Chipping away at Roe v. Wade

Since Casey, the court has considered several regulations that have chipped away at the edges of the abortion right. 

In 2000, in Stenberg v. Carhart, the court held that Nebraska’s partial-birth abortion law — relating to abortions typically performed during later-term pregnancies — created an undue burden on the right to abortion. But it reversed itself seven years later in Gonzales v. Carhart, upholding the federal government’s “partial-birth abortion” ban in the second trimester of pregnancy.

Among Americans in general, trimesters are key to abortion views: According to Gallup, 6 in 10 U.S. adults generally think abortion should be legal in the first three months of a pregnancy. But that support drops by about half, to 28 percent, for abortions conducted in the second three months, and by half again, to 13 percent, in the final three months, Gallup reported in 2018.

Other restrictions have been less successful. In 2016, the court struck down Texas’ law requiring abortion doctors to have admitting privileges at local hospitals and for abortion clinics to qualify as surgical medical facilities.

The Mississippi law being appealed in Dobbs v. Jackson Women’s Health is one of several by states seeking to challenge the court’s viability standard from Casey. While Mississippi set the upper limit at 15 weeks, other states have argued for different standards, such as evidence of a fetal heartbeat or signs of fetal “quickening” at seven to eight weeks.

Because of last year’s addition to the court of Justice Amy Coney Barrett, who has been on record as opposing abortion, and because of Dobbs’ potential to change abortion law, the case has attracted substantial attention. More than 1,000 friend-of-the-court briefs have been filed in support or opposition to the law.

McDonald sees a few potential outcomes to the case, most of which would allow states to continue to restrict abortion. Overturning Roe v.

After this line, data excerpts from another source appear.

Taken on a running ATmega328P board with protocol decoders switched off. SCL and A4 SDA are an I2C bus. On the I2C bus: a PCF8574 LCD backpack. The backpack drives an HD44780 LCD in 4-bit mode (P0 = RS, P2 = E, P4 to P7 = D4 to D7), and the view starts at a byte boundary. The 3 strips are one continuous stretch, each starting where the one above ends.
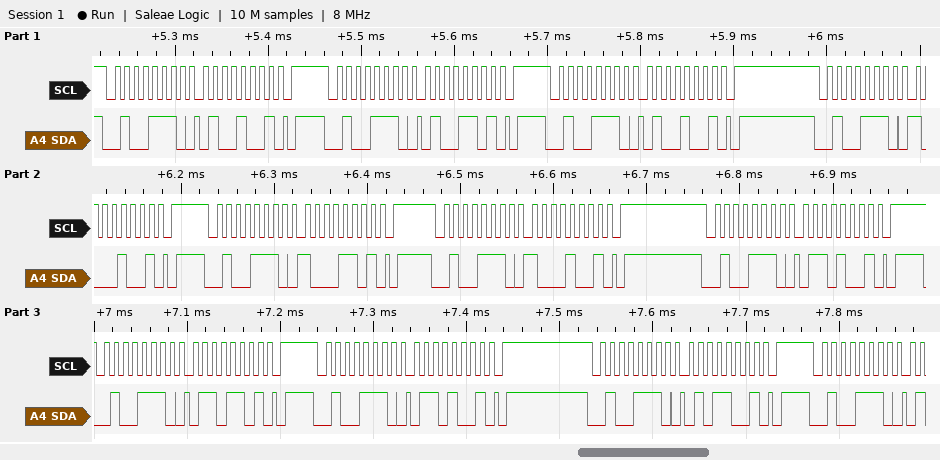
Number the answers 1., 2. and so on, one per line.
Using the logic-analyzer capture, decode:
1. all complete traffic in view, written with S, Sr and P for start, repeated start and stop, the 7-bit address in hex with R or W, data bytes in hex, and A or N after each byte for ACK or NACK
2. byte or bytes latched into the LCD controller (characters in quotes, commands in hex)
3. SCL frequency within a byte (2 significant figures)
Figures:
1. S 27W A 49 A P S 27W A 4D A P S 27W A 49 A P S 27W A 89 A P S 27W A 8D A P S 27W A 89 A P S 27W A 69 A P S 27W A 6D A P S 27W A 69 A P S 27W A 59 A P S 27W A
2. 'H'
3. 100 kHz

Wade and Casey outright would return to the states the question of whether and when abortion is legal.

The court could revisit the question of whether the fetus is a person under the Constitution and move to more of a balancing scheme as now exists in many other countries. 

But even if the court reaches a compromise that does not overtly overturn parts or all of Roe or Casey, McDonald said he sees continued challenges to abortion law.

The court has “already substantially gutted Roe, the conservatives have, by applying the ‘undue burden’ test,” McDonald said. “They could just continue to let states chip away at the right through a strict application of that test.”

Kenneth Pybus is an associate professor and chair of journalism and mass communication at Abilene Christian University in Texas and a First Amendment lawyer.